You can also run RL2 and the Oracle, just replace `varibad` above with the respective string. 
See `main.py` for all options.

The results will by default be saved at `./logs`, 
but you can also pass a flag with an alternative directory using `--results_log_dir /path/to/dir`.

The default configs are in the `config/` folder. 
You can overwrite any default hyperparameters using command line arguments.
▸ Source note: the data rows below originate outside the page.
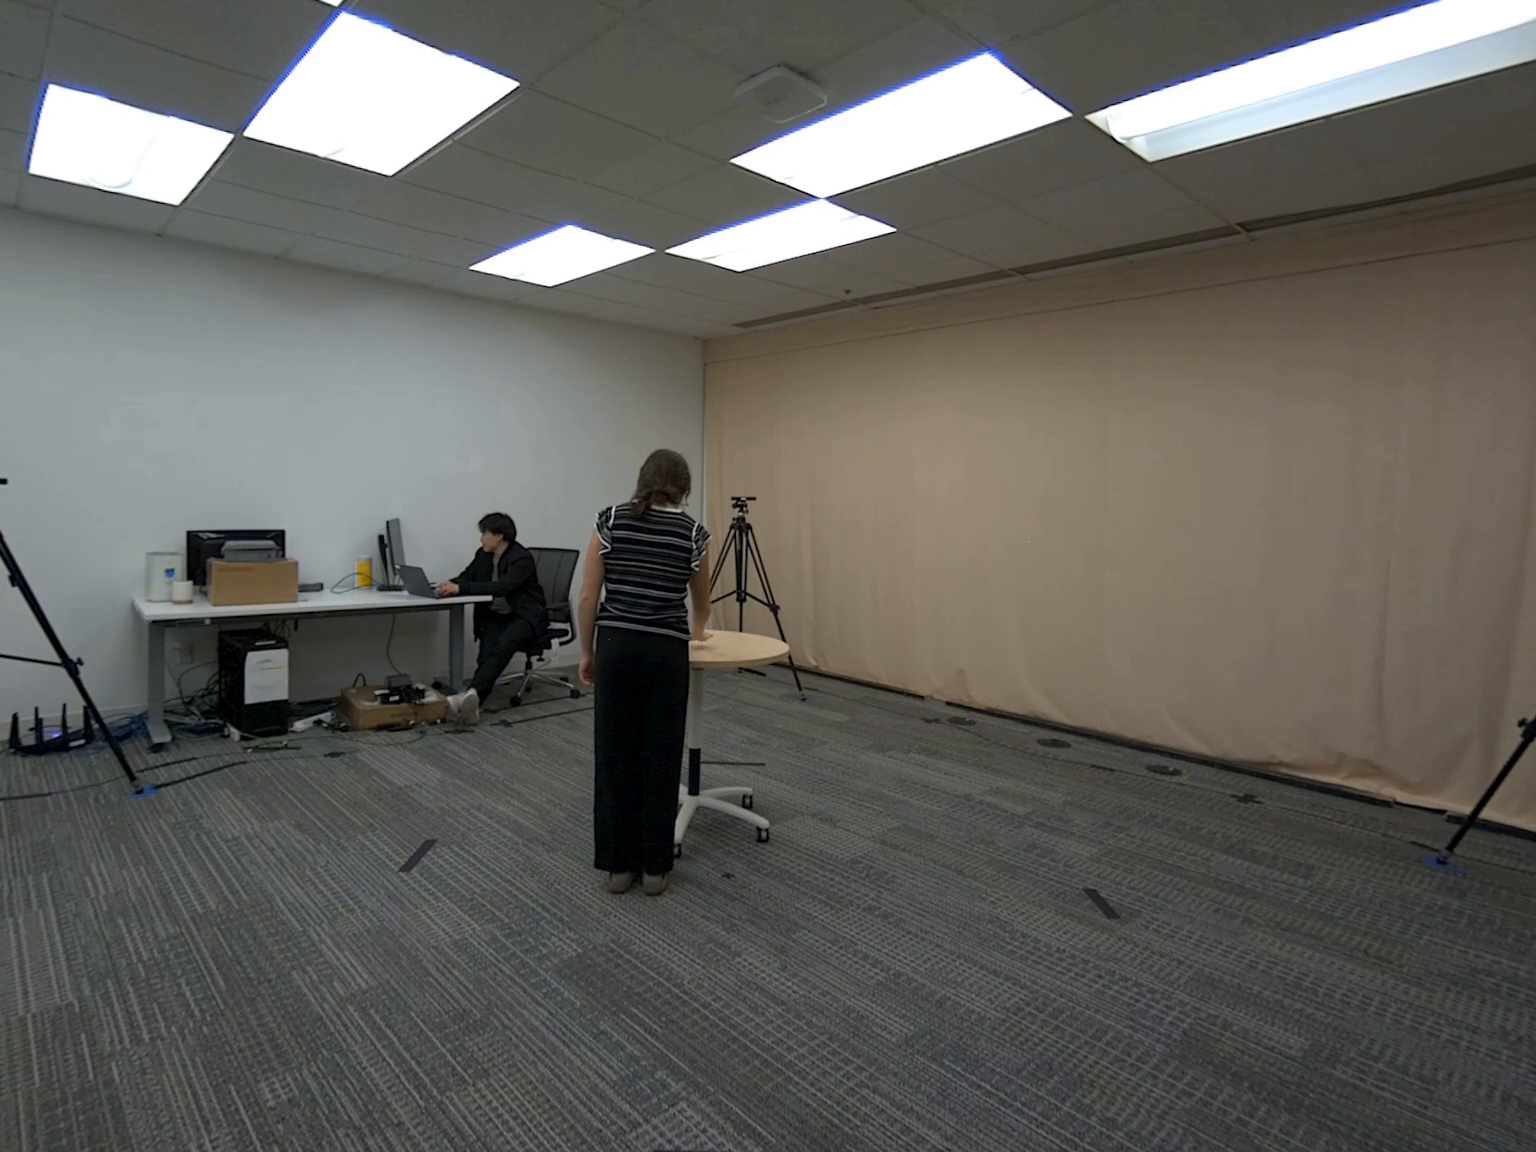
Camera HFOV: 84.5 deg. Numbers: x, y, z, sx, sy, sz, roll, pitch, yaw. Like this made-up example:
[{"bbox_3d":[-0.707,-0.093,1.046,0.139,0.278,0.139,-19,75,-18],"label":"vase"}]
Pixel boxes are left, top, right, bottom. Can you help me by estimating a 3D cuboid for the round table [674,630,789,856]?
[{"bbox_3d":[-0.313,0.677,3.549,0.763,0.792,0.766,2,4,-1],"label":"round table"}]
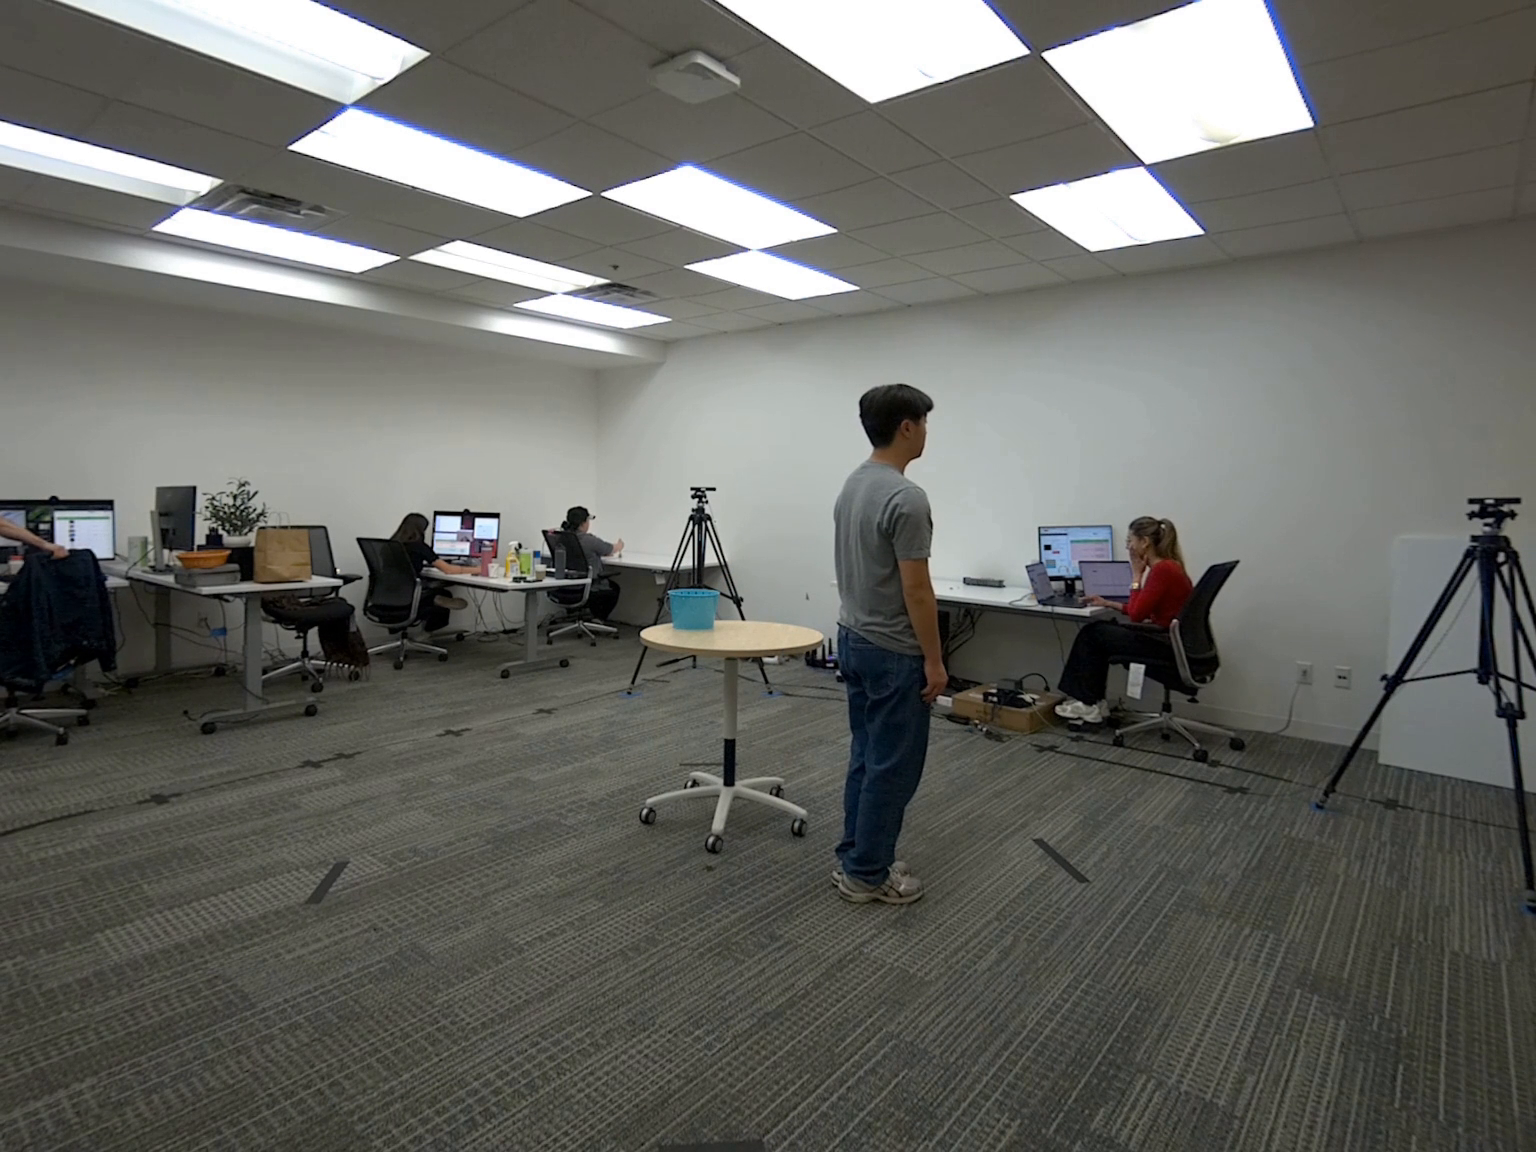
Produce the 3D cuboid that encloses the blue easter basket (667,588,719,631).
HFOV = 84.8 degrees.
[{"bbox_3d":[-0.337,0.147,3.753,0.243,0.155,0.244,0,3,-2],"label":"blue easter basket"}]

Results will be written to tensorboard event files, 
and some visualisations will be printed every now and then.

### Configs

Some comments on the flags in the config files:
- You can choose what type of decoder you by setting the respective flags to true: 
`--decode_reward True` and/or `--decode_state True`.
- You can also choose a task decoder (`--decode_task True`), which was proposed by 
[Humplik et al. (2019)](https://arxiv.org/abs/1905.06424). 
This method uses privileged information during meta-training (e.g., the task description or ID)
to learn the posterior distribution in a supervised way. 
(Note that our implementation is based on the variBAD architecture, 
so differs slightly from theirs.)
- The size of the latent dimension can be changed using `--latent_dim`.
- In our experience, the performance of PPO depends a lot on 
the number of minibatches (`--ppo_num_minibatch`),
the number of epochs (`ppo_num_epochs`),
and the batchsize (change with `--policy_num_steps` and/or `--num_processes`).
Another important parameter is the weight of the kl term (`--kl_weight`) in the ELBO.

### Results 

The MuJoCo results (smoothened learning curves) and a script to plot them 
can be found [here](https://www.dropbox.com/sh/1bi7er3j67ylrkb/AADmgWwi4kbTwVNev3NQP_11a).
### Comments

- When the flag `disable_metalearner` is activated, the file `learner.py` will be used instead of `metalearner.py`. 
This is a stripped down version without encoder, decoder, stochastic latent variables, etc. 
It can be used to train (belief) oracles or policies that are good on average.
- Currently, the VAE never looks at the starting state, but the prior is independent
of where the agent starts. It was easier to implement like this. 
Since actions/rewards aren't available at the first time step, 
another option would be to just fill them with zeros.
- I added an example environment with empty methods in `environments/example_env.py`,
if you want to know what an environment should do.